__DIRECTIONS__: When you reach the line containing "Point to the" in the records below, start copying exactly, and stop once you have copied the line containing "the block of".

Dataset items:
————————

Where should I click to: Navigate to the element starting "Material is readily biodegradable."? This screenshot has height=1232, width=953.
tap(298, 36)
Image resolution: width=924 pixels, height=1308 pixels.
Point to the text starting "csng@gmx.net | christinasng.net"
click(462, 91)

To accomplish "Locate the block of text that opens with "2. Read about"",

————————

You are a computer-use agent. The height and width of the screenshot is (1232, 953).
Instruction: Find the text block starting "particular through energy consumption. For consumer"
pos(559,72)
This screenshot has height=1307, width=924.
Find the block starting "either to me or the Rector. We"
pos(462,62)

————————

__ANSWER SPACE__:
Point to the text starting "csng@gmx.net | christinasng.net"
click(462, 91)

To accomplish "Locate the block of text that opens with "2. Read about"",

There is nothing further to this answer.